* STORED DATA:
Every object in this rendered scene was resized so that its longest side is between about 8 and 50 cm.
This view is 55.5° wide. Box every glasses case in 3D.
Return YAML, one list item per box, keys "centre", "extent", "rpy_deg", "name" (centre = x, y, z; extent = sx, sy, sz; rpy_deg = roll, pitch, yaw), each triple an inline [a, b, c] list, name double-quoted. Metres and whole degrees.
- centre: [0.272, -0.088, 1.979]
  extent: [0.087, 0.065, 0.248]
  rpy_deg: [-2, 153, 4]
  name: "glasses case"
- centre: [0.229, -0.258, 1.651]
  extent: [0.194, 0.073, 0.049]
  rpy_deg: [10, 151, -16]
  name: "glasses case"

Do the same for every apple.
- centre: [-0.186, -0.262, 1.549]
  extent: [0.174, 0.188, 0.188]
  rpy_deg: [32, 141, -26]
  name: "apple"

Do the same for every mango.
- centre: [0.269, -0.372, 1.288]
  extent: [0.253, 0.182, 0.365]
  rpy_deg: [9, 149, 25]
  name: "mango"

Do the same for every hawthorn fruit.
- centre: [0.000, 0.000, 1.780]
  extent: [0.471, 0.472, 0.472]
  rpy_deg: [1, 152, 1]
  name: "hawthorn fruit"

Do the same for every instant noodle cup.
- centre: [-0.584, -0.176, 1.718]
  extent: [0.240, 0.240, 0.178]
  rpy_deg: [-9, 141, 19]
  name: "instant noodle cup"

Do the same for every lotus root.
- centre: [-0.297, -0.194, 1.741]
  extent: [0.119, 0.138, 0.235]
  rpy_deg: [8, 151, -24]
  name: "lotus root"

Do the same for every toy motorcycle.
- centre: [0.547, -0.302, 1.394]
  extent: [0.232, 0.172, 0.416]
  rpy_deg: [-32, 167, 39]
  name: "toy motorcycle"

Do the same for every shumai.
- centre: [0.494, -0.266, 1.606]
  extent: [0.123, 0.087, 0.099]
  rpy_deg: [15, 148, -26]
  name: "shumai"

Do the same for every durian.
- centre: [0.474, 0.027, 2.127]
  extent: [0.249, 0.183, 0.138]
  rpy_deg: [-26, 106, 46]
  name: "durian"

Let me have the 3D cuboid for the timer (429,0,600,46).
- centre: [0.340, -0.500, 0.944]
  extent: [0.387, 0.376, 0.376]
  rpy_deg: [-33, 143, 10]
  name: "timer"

* WHAT YOU NEED TO DO:
Write out the lines above exactly, but only from the one containing "Do the same for every lotus root." through the last one.

* ANSWER FOR THE TASK:
Do the same for every lotus root.
- centre: [-0.297, -0.194, 1.741]
  extent: [0.119, 0.138, 0.235]
  rpy_deg: [8, 151, -24]
  name: "lotus root"

Do the same for every toy motorcycle.
- centre: [0.547, -0.302, 1.394]
  extent: [0.232, 0.172, 0.416]
  rpy_deg: [-32, 167, 39]
  name: "toy motorcycle"

Do the same for every shumai.
- centre: [0.494, -0.266, 1.606]
  extent: [0.123, 0.087, 0.099]
  rpy_deg: [15, 148, -26]
  name: "shumai"

Do the same for every durian.
- centre: [0.474, 0.027, 2.127]
  extent: [0.249, 0.183, 0.138]
  rpy_deg: [-26, 106, 46]
  name: "durian"

Let me have the 3D cuboid for the timer (429,0,600,46).
- centre: [0.340, -0.500, 0.944]
  extent: [0.387, 0.376, 0.376]
  rpy_deg: [-33, 143, 10]
  name: "timer"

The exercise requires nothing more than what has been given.